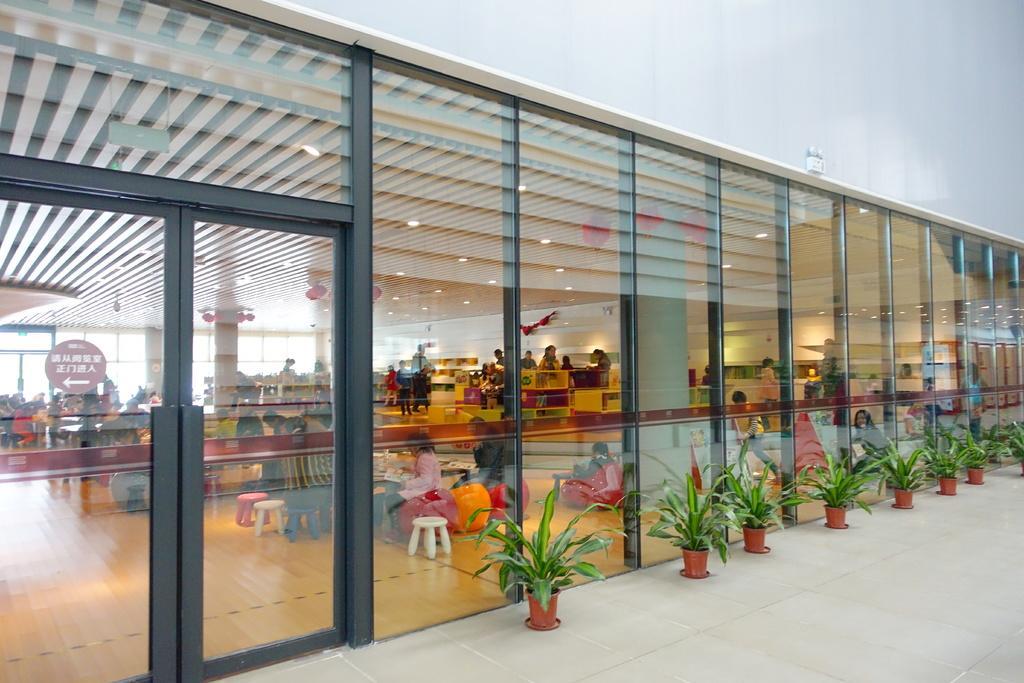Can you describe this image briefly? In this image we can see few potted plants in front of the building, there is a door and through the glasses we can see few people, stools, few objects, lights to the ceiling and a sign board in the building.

+---+

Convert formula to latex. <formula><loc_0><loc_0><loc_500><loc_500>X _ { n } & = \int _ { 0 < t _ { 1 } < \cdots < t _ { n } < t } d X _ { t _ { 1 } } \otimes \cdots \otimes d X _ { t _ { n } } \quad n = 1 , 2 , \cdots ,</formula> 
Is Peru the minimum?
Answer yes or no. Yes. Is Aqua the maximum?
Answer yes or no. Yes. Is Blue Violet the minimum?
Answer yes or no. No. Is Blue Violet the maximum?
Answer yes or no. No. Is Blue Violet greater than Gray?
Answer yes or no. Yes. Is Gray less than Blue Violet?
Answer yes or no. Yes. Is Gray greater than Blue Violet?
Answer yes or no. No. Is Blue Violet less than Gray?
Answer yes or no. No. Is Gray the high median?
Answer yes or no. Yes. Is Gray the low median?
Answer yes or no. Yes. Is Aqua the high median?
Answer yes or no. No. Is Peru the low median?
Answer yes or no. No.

+---+

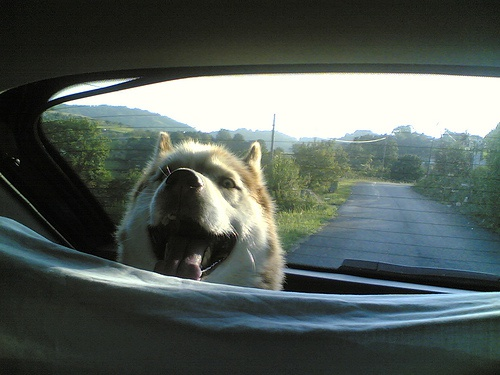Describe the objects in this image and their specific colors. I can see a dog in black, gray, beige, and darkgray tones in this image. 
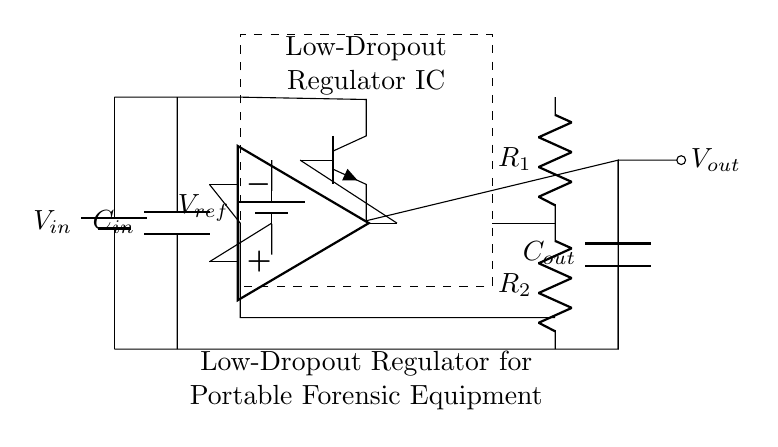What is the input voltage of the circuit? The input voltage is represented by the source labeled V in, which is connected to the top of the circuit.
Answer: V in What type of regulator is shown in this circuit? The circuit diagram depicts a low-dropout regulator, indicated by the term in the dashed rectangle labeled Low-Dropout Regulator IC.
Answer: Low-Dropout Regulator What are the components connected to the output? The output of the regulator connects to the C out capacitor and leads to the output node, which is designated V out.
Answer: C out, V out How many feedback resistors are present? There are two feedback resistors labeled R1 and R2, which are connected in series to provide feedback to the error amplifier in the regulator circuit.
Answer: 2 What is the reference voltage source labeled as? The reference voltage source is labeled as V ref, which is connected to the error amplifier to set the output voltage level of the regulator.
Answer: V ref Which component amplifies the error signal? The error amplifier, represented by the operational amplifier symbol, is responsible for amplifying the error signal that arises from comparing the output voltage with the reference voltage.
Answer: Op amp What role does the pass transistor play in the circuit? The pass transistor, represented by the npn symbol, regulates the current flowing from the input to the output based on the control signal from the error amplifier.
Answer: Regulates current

+---+

> **YOUR INSTRUCTIONS**: Although the records above contain pictures, the copy must not; set down exactly the lines from the one with "Describe the objects" up to and including the one with "Answer: V in".

> **TASK SOLUTION**:
Describe the objects in this image and their specific colors. I can see a dog in black, gray, beige, and darkgray tones in this image. 
What is the input voltage of the circuit? The input voltage is represented by the source labeled V in, which is connected to the top of the circuit.
Answer: V in What type of regulator is shown in this circuit? The circuit diagram depicts a low-dropout regulator, indicated by the term in the dashed rectangle labeled Low-Dropout Regulator IC.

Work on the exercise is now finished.